Elephants are herbivores and spend up to 16 hours a day eating plants. Their diets are highly variable, both seasonally and across habitats and regions. Elephants are primarily browsers, feeding on the leaves, bark and fruits of trees and shrubs, but they may also eat considerable amounts of grasses and herbs. Elephants only digest approximately 40% of what they eat, and make up for their digestive systems’ lack of efficiency in volume. An adult elephant consumes 140–270 kg of food a day.
Every day across Africa and Asia, elephants disperse billions of seeds, some of which will grow into the forests of tomorrow, sequestering and storing carbon, generating rainfall and stabilising our climate.
Other animals, such as Baboons may pick through elephant dung looking for undigested seeds. Dung beetles and termites both eat elephant dung.
Impact
Elephants can have profound impacts on the ecosystems they occupy with both positive and negative effects on other species, especially with their foraging activities. By pulling down trees to eat leaves, breaking branches and pulling out roots, they reduce woody cover, creating clearings in forests, converting forests to savannas and converting savannas to grasslands. These changes tend to benefit grazers at the expense of browsers.

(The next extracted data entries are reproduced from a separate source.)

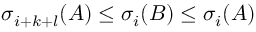Convert formula to latex. <formula><loc_0><loc_0><loc_500><loc_500>\sigma _ { i + k + l } ( A ) \leq \sigma _ { i } ( B ) \leq \sigma _ { i } ( A )</formula> 
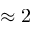<formula> <loc_0><loc_0><loc_500><loc_500>\approx 2</formula> 
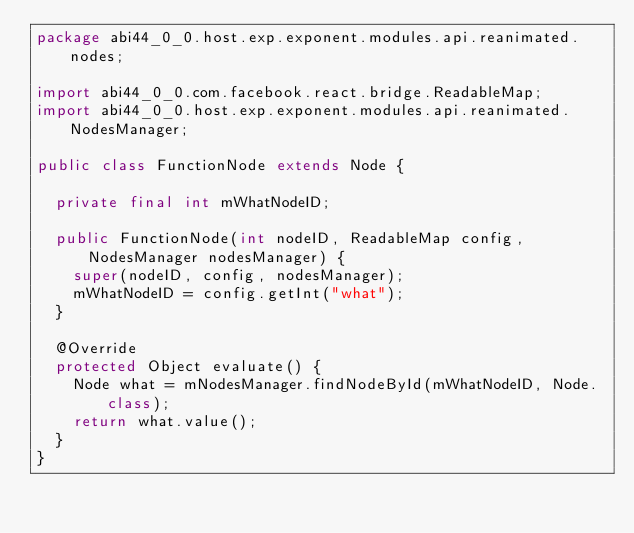Convert code to text. <code><loc_0><loc_0><loc_500><loc_500><_Java_>package abi44_0_0.host.exp.exponent.modules.api.reanimated.nodes;

import abi44_0_0.com.facebook.react.bridge.ReadableMap;
import abi44_0_0.host.exp.exponent.modules.api.reanimated.NodesManager;

public class FunctionNode extends Node {

  private final int mWhatNodeID;

  public FunctionNode(int nodeID, ReadableMap config, NodesManager nodesManager) {
    super(nodeID, config, nodesManager);
    mWhatNodeID = config.getInt("what");
  }

  @Override
  protected Object evaluate() {
    Node what = mNodesManager.findNodeById(mWhatNodeID, Node.class);
    return what.value();
  }
}
</code> 
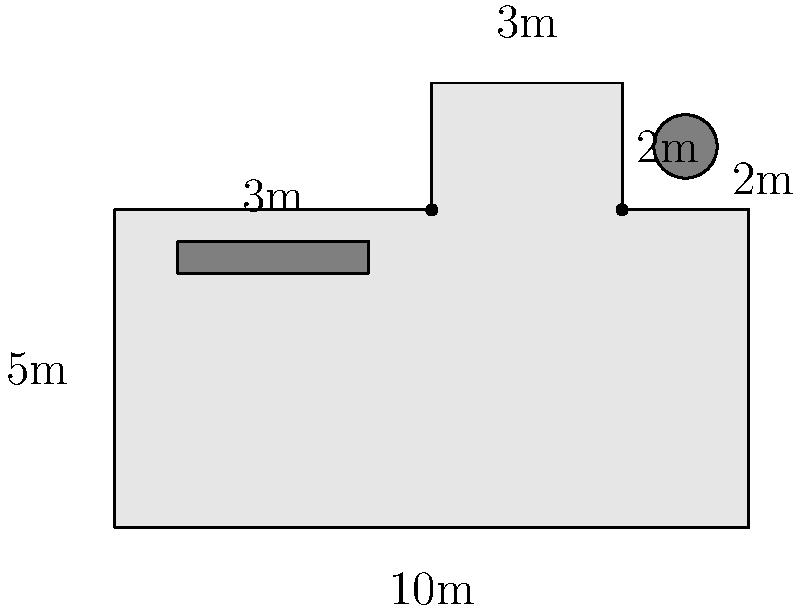In a historic courtroom, you're tasked with calculating the total floor area for renovations. The main courtroom has a rectangular shape of 10m by 5m, with a 2m by 3m extension on the upper right corner for the witness stand. There's also a 3m by 2m alcove on the upper left side. What is the total floor area of this courtroom in square meters? To calculate the total floor area, we'll break down the courtroom into regular shapes and add their areas:

1. Main rectangular area:
   $A_1 = 10\text{m} \times 5\text{m} = 50\text{m}^2$

2. Witness stand extension (upper right):
   $A_2 = 2\text{m} \times 3\text{m} = 6\text{m}^2$

3. Alcove (upper left):
   $A_3 = 3\text{m} \times 2\text{m} = 6\text{m}^2$

Total area:
$$A_{\text{total}} = A_1 + A_2 + A_3 = 50\text{m}^2 + 6\text{m}^2 + 6\text{m}^2 = 62\text{m}^2$$

Therefore, the total floor area of the courtroom is 62 square meters.
Answer: 62 m² 
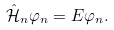Convert formula to latex. <formula><loc_0><loc_0><loc_500><loc_500>\hat { \mathcal { H } } _ { n } \varphi _ { n } = E \varphi _ { n } .</formula> 
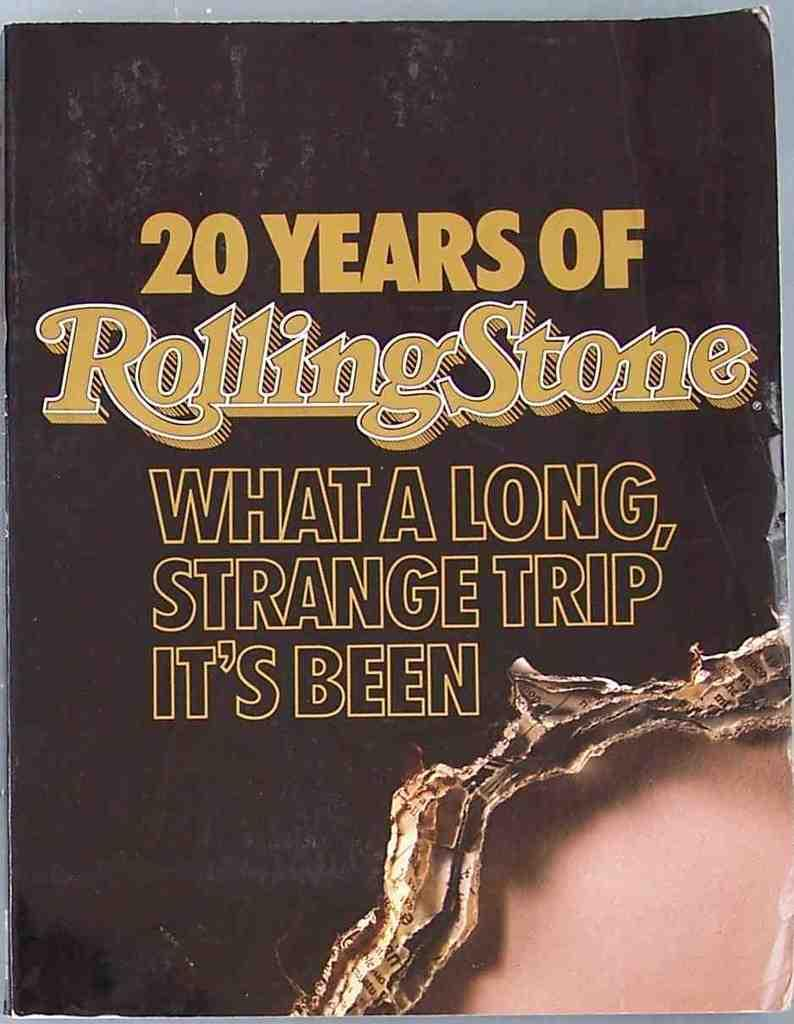<image>
Summarize the visual content of the image. A very old copy of Rolling Stone is printed with What a Long, Strange Trip It's Been. 
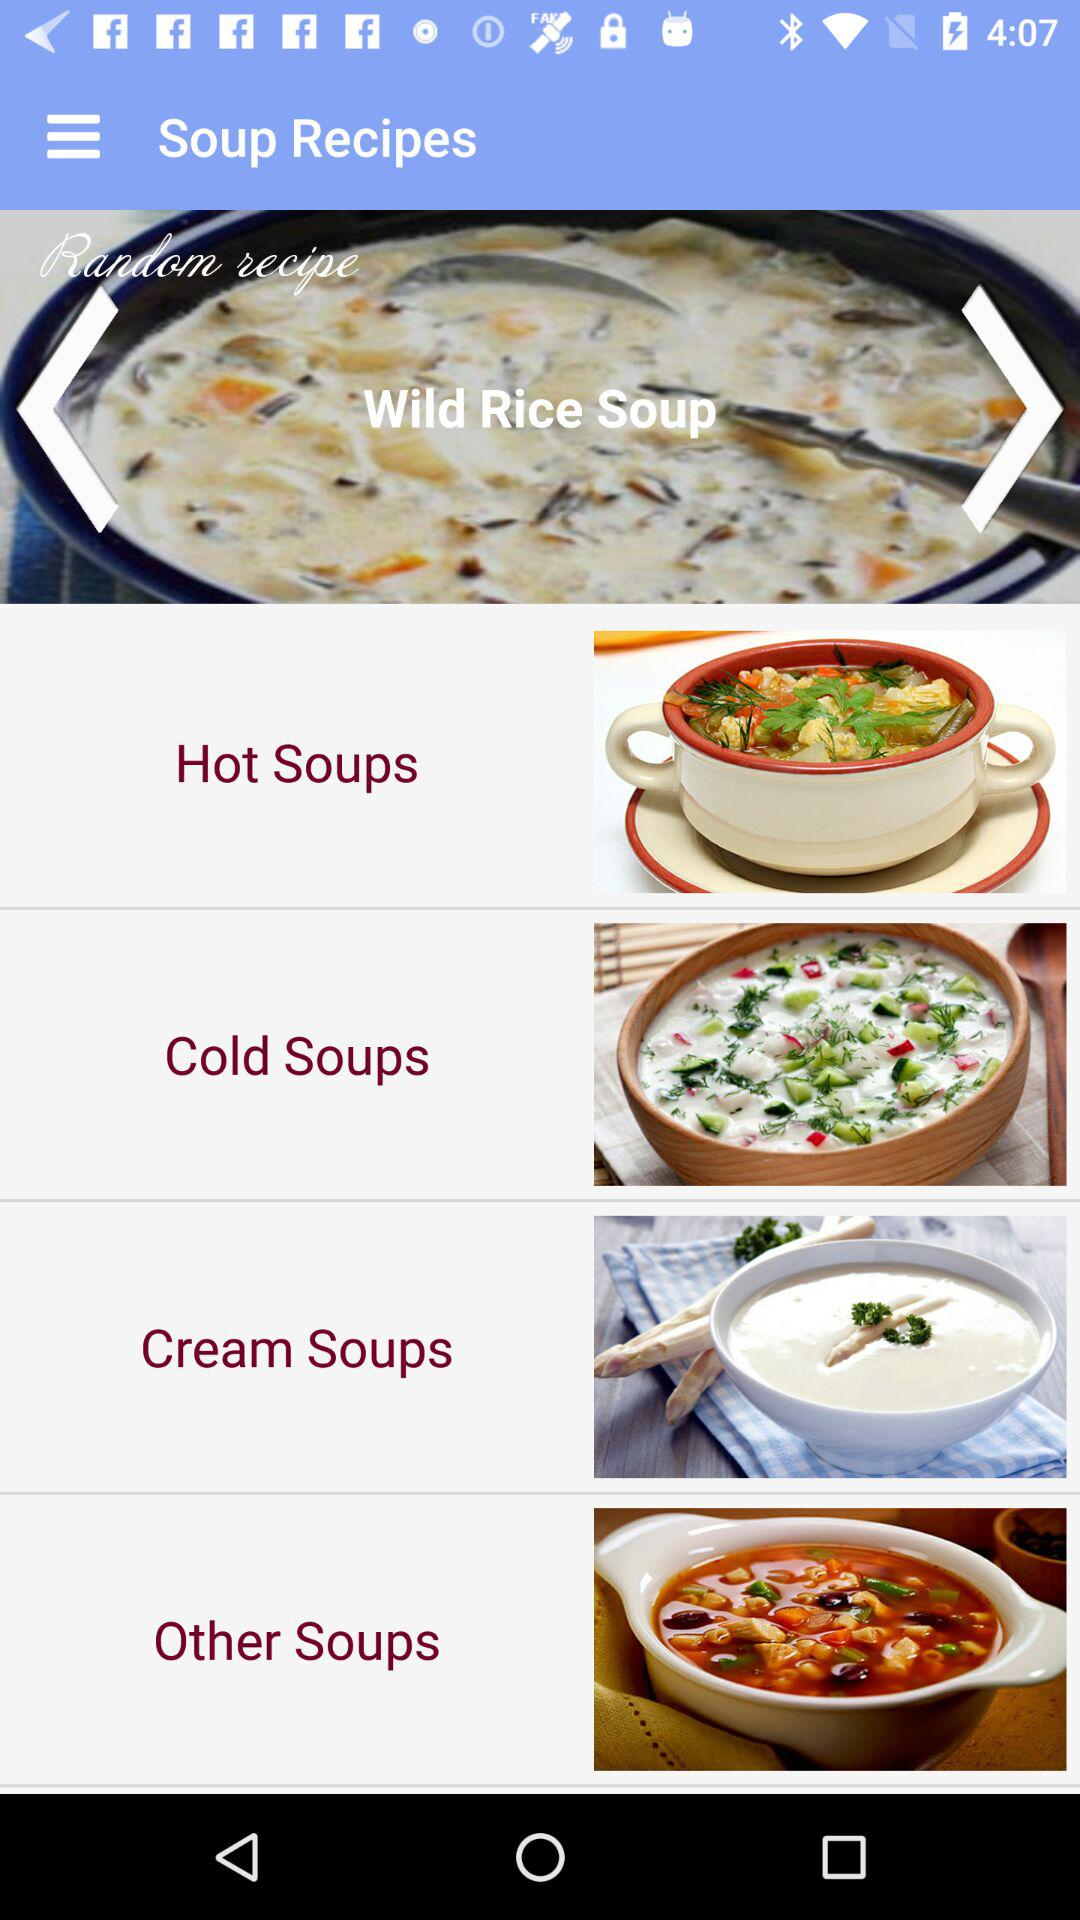What is the application name? The application name is "Soup Recipes". 
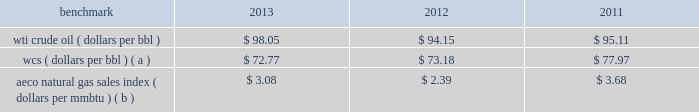Discount to brent was narrower in 2013 than in 2012 and 2011 .
As a result of the significant increase in u.s .
Production of light sweet crude oil , the historical relationship between wti , brent and lls pricing may not be indicative of future periods .
Composition 2013 the proportion of our liquid hydrocarbon sales volumes that are ngls continues to increase due to our development of united states unconventional liquids-rich plays .
Ngls were 15 percent of our north america e&p liquid hydrocarbon sales volumes in 2013 compared to 10 percent in 2012 and 7 percent in 2011 .
Natural gas 2013 a significant portion of our natural gas production in the u.s .
Is sold at bid-week prices , or first-of-month indices relative to our specific producing areas .
Average henry hub settlement prices for natural gas were 31 percent higher for 2013 than for 2012 .
International e&p liquid hydrocarbons 2013 our international e&p crude oil production is relatively sweet and has historically sold in relation to the brent crude benchmark , which on average was 3 percent lower for 2013 than 2012 .
Natural gas 2013 our major international e&p natural gas-producing regions are europe and e.g .
Natural gas prices in europe have been considerably higher than the u.s .
In recent years .
In the case of e.g. , our natural gas sales are subject to term contracts , making realized prices in these areas less volatile .
The natural gas sales from e.g .
Are at fixed prices ; therefore , our reported average international e&p natural gas realized prices may not fully track market price movements .
Oil sands mining the oil sands mining segment produces and sells various qualities of synthetic crude oil .
Output mix can be impacted by operational problems or planned unit outages at the mines or upgrader .
Sales prices for roughly two-thirds of the normal output mix has historically tracked movements in wti and one-third has historically tracked movements in the canadian heavy crude oil marker , primarily wcs .
The wcs discount to wti has been increasing on average in each year presented below .
Despite a wider wcs discount in 2013 , our average oil sands mining price realizations increased due to a greater proportion of higher value synthetic crude oil sales volumes compared to 2012 .
The operating cost structure of the oil sands mining operations is predominantly fixed and therefore many of the costs incurred in times of full operation continue during production downtime .
Per-unit costs are sensitive to production rates .
Key variable costs are natural gas and diesel fuel , which track commodity markets such as the aeco natural gas sales index and crude oil prices , respectively .
The table below shows average benchmark prices that impact both our revenues and variable costs: .
Wcs ( dollars per bbl ) ( a ) $ 72.77 $ 73.18 $ 77.97 aeco natural gas sales index ( dollars per mmbtu ) ( b ) $ 3.08 $ 2.39 $ 3.68 ( a ) monthly pricing based upon average wti adjusted for differentials unique to western canada .
( b ) monthly average day ahead index. .
How much more was the average wti crude price than the wcs price in 2012? 
Computations: (94.15 - 73.18)
Answer: 20.97.

During the dry season, elephants use their tusks to dig into river beds to reach underground sources of water. These holes may then become essential sources of water for other species.
Elephants make paths through their environment that are used by other animals. Some of these pathways have apparently been used by multiple generations of elephants, used by humans and eventually even been converted to roads. A well documented example of this is the road down the Zambezi Escarpment from Makuti to Kariba in Zimbabwe.